片场的灯光白得刺眼,像是要把人的灵魂都照得无处遁形。
林予调整了一下耳麦,指尖因为长时间握持而微微泛白。作为这部S级古装大剧的男主,他早已习惯了这种高压环境。但今天有些不同,那种不同并非来自剧本里那段极其虐心的“断情绝爱”戏份,而是来自那个总是出现在他视线边缘,却从未真正被他放在心上的女人——苏浅。
苏浅是剧组的动作指导助理,也是唯一敢在片场大声纠正他动作瑕疵的人。
“林老师,刚才那个转身慢了0.5秒,眼神没有杀气,只有杀气。”苏浅的声音清冷,不带丝毫讨好,甚至带着几分严厉的挑剔。
林予皱眉,刚想发作,却瞥见导演在一旁不耐烦地敲着桌子。他深吸一口气,强行压下那股莫名的烦躁,对着镜头再次挥剑。剑风凛冽,划破空气,却划不破他心中那股越来越盛的怪异感。
这已经是今天第三次了。
第一次,是在走廊转角,他差点撞见她,她只是淡淡瞥了他一眼,眼神空洞得像是一口枯井。

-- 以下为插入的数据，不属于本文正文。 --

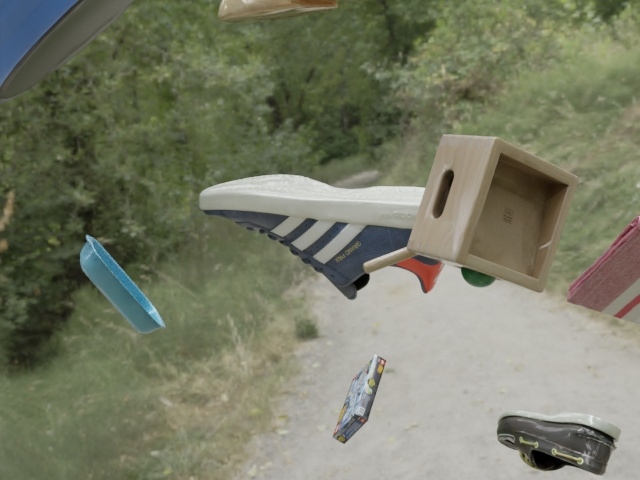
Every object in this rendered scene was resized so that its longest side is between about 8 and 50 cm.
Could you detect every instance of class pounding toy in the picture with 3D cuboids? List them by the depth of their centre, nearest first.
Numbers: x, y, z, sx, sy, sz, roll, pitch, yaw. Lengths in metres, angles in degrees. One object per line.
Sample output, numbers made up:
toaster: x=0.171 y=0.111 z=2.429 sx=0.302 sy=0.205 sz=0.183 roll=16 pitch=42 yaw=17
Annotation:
pounding toy: x=0.134 y=-0.014 z=0.726 sx=0.130 sy=0.141 sz=0.100 roll=19 pitch=-1 yaw=-31

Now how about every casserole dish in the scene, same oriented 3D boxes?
casserole dish: x=-0.309 y=0.074 z=1.233 sx=0.037 sy=0.188 sz=0.114 roll=-39 pitch=23 yaw=-5

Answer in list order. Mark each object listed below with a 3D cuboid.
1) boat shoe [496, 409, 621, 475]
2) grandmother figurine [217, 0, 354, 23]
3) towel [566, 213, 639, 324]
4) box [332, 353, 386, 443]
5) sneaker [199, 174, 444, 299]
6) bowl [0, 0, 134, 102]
boat shoe: x=0.304 y=0.274 z=1.084 sx=0.081 sy=0.069 sz=0.227 roll=28 pitch=-20 yaw=-13
grandmother figurine: x=-0.028 y=-0.279 z=0.359 sx=0.207 sy=0.343 sz=0.104 roll=-5 pitch=12 yaw=15
towel: x=0.559 y=0.073 z=1.166 sx=0.328 sy=0.037 sz=0.237 roll=18 pitch=-31 yaw=-2
box: x=0.069 y=0.277 z=1.407 sx=0.094 sy=0.027 sz=0.137 roll=-55 pitch=7 yaw=44
sneaker: x=0.000 y=0.000 z=1.081 sx=0.349 sy=0.148 sz=0.131 roll=7 pitch=19 yaw=17
bowl: x=-0.319 y=-0.328 z=1.066 sx=0.391 sy=0.077 sz=0.391 roll=-39 pitch=15 yaw=12
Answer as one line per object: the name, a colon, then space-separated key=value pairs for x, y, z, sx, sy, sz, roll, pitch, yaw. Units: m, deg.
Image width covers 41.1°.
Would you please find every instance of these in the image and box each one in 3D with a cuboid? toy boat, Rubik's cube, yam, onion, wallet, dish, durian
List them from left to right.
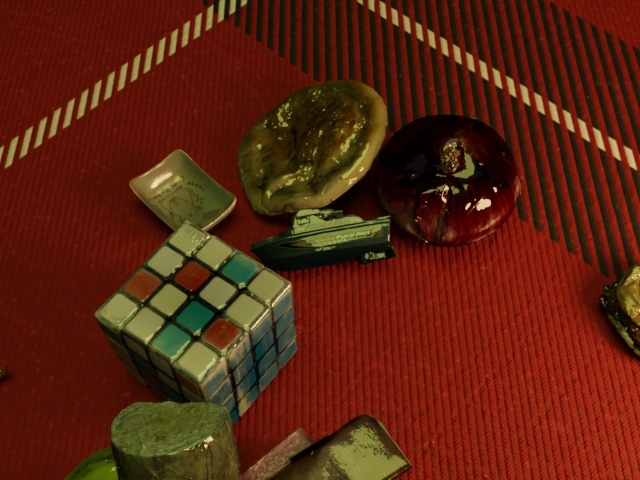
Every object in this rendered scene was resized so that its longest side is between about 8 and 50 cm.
durian: x=-0.335 y=0.431 z=1.503 sx=0.250 sy=0.101 sz=0.139 roll=-5 pitch=92 yaw=-2
yam: x=-0.227 y=0.418 z=1.373 sx=0.203 sy=0.271 sz=0.201 roll=-6 pitch=14 yaw=9
dish: x=-0.297 y=-0.086 z=1.864 sx=0.151 sy=0.077 sz=0.212 roll=-38 pitch=62 yaw=-23
Rubik's cube: x=-0.216 y=0.167 z=1.579 sx=0.253 sy=0.259 sz=0.256 roll=31 pitch=62 yaw=20
toy boat: x=0.001 y=-0.003 z=1.762 sx=0.296 sy=0.114 sz=0.122 roll=-7 pitch=76 yaw=-2
wallet: x=0.017 y=0.401 z=1.445 sx=0.255 sy=0.031 sz=0.137 roll=-29 pitch=57 yaw=-18
onion: x=0.261 y=-0.140 z=1.777 sx=0.314 sy=0.232 sz=0.313 roll=-2 pitch=54 yaw=3

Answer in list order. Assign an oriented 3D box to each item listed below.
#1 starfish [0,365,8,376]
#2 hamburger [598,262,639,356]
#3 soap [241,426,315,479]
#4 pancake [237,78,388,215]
starfish: x=-0.724 y=0.312 z=1.635 sx=0.138 sy=0.050 sz=0.247 roll=28 pitch=68 yaw=19
hamburger: x=0.665 y=0.129 z=1.655 sx=0.206 sy=0.130 sz=0.183 roll=-34 pitch=57 yaw=3
soap: x=-0.019 y=0.472 z=1.465 sx=0.181 sy=0.081 sz=0.259 roll=-35 pitch=61 yaw=-19
pancake: x=-0.024 y=-0.215 z=1.883 sx=0.387 sy=0.082 sz=0.386 roll=-19 pitch=46 yaw=20
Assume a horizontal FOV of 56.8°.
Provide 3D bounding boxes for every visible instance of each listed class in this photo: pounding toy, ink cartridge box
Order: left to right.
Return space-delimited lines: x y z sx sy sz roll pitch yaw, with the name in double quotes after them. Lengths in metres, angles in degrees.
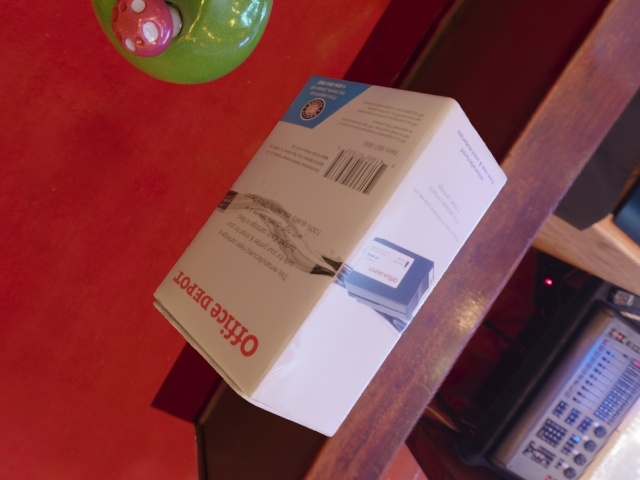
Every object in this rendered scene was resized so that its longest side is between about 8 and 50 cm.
-0.125 -0.237 0.480 0.183 0.110 0.237 41 117 -1 "pounding toy"
0.000 0.000 0.775 0.166 0.285 0.395 40 83 -40 "ink cartridge box"
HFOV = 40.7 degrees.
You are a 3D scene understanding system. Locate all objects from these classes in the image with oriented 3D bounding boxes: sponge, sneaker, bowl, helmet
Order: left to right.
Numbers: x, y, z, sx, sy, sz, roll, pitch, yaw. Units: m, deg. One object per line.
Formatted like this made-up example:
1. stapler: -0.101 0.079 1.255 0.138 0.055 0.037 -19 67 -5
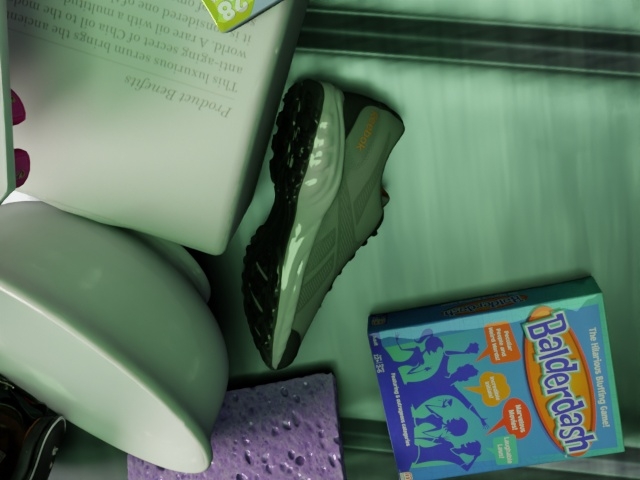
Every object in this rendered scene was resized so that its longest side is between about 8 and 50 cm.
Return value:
1. helmet: -0.329 0.206 0.783 0.169 0.161 0.169 17 138 16
2. bowl: -0.187 0.060 0.733 0.298 0.298 0.134 36 63 -5
3. sponge: -0.081 0.202 0.816 0.210 0.031 0.117 -12 66 9
4. sneaker: 0.000 0.000 0.750 0.108 0.100 0.271 5 117 -25

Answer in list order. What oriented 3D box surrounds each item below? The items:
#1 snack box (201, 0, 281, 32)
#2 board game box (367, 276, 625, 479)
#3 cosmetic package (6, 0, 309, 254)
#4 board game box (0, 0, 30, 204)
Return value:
1. snack box: -0.038 -0.260 0.522 0.174 0.070 0.207 -30 105 11
2. board game box: 0.161 0.131 0.797 0.210 0.047 0.160 -12 105 8
3. cosmetic package: -0.111 -0.245 0.652 0.230 0.161 0.453 18 107 -1
4. board game box: -0.374 -0.229 0.560 0.390 0.050 0.390 5 104 12
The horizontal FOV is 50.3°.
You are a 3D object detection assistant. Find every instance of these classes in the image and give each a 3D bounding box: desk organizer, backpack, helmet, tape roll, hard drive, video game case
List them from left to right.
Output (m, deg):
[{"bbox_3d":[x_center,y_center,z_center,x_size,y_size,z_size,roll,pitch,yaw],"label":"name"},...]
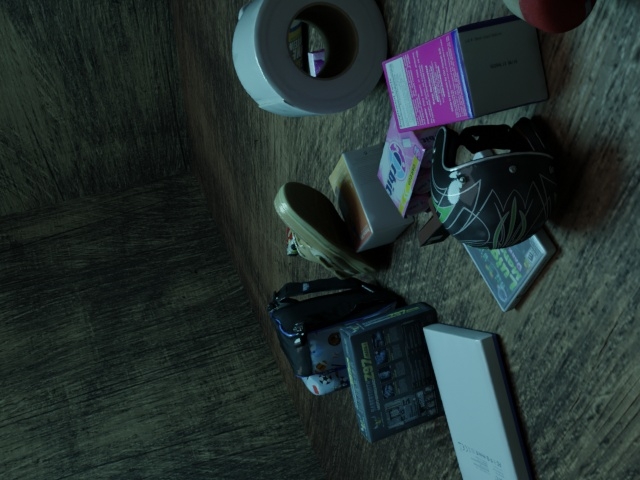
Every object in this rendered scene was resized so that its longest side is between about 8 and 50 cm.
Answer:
[{"bbox_3d":[-0.023,-0.347,1.228,0.169,0.246,0.246,-159,55,-68],"label":"tape roll"},{"bbox_3d":[0.045,0.200,1.481,0.276,0.263,0.213,-139,30,-69],"label":"backpack"},{"bbox_3d":[0.192,-0.038,1.091,0.130,0.047,0.050,119,136,-67],"label":"desk organizer"},{"bbox_3d":[0.281,0.312,1.206,0.210,0.040,0.319,175,79,-73],"label":"hard drive"},{"bbox_3d":[0.217,-0.068,0.859,0.169,0.169,0.162,93,171,-47],"label":"helmet"},{"bbox_3d":[0.260,-0.013,1.011,0.173,0.022,0.190,100,149,-56],"label":"video game case"}]

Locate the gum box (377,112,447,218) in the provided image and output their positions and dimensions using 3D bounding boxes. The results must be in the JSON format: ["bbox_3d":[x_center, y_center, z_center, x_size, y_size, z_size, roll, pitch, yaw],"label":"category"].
[{"bbox_3d":[0.158,-0.133,1.156,0.188,0.062,0.107,99,150,-54],"label":"gum box"}]

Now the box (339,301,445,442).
[{"bbox_3d":[0.149,0.256,1.333,0.059,0.183,0.233,-155,50,-68],"label":"box"}]

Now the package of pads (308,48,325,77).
[{"bbox_3d":[0.003,-0.366,1.459,0.032,0.050,0.083,-135,33,-58],"label":"package of pads"}]

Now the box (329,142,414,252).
[{"bbox_3d":[0.097,-0.082,1.349,0.130,0.091,0.171,123,130,-68],"label":"box"}]

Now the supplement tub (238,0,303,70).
[{"bbox_3d":[-0.113,-0.446,1.595,0.144,0.144,0.200,-123,23,-43],"label":"supplement tub"}]

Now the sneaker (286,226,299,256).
[{"bbox_3d":[-0.049,-0.033,1.849,0.279,0.107,0.118,140,122,-69],"label":"sneaker"}]

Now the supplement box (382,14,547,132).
[{"bbox_3d":[0.184,-0.217,0.914,0.220,0.111,0.114,-164,59,-71],"label":"supplement box"}]

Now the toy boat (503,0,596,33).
[{"bbox_3d":[0.263,-0.287,0.607,0.151,0.151,0.231,35,149,17],"label":"toy boat"}]

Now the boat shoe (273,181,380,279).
[{"bbox_3d":[0.000,0.000,1.392,0.341,0.110,0.122,39,-146,-46],"label":"boat shoe"}]
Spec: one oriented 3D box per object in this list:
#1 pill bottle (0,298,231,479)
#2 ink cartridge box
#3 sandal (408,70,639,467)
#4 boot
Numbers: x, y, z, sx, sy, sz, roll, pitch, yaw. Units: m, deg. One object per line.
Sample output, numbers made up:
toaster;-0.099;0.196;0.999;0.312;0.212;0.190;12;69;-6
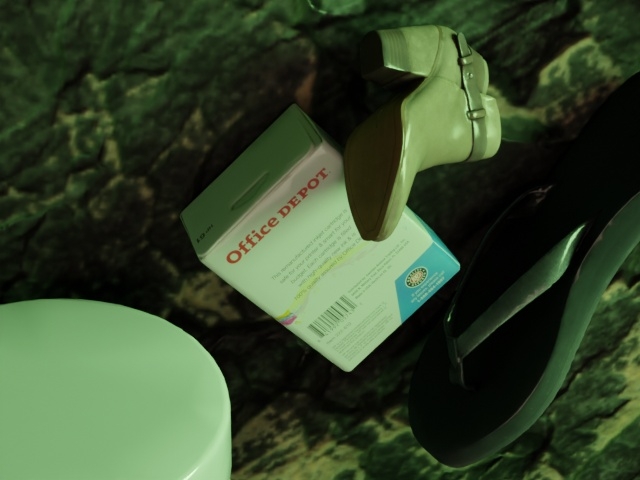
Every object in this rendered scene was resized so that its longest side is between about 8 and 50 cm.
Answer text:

第二次,是在更衣室门外,他听见里面传来压抑的喘息声,开门却空无一人,只有地上半张被揉皱的剧本。
第三次,就在此刻,当他收剑回鞘时,余光瞥见苏浅站在阴影里,嘴角挂着一抹诡异至极的笑意。
“卡!很好!这条过了!”导演兴奋地大喊。
林予疲惫地放下剑,揉了揉太阳穴。他总觉得最近自己变得很奇怪,脑海里总是浮现出一些不该存在的画面。比如,在拍摄亲密戏时,虽然对方是替身,但他却清晰地感觉到身后有一双冰冷的手正紧紧扣住他的腰;又比如,在深夜独处时,总会听见有人在耳边低语,声音熟悉又陌生,像是苏浅,又像是他自己。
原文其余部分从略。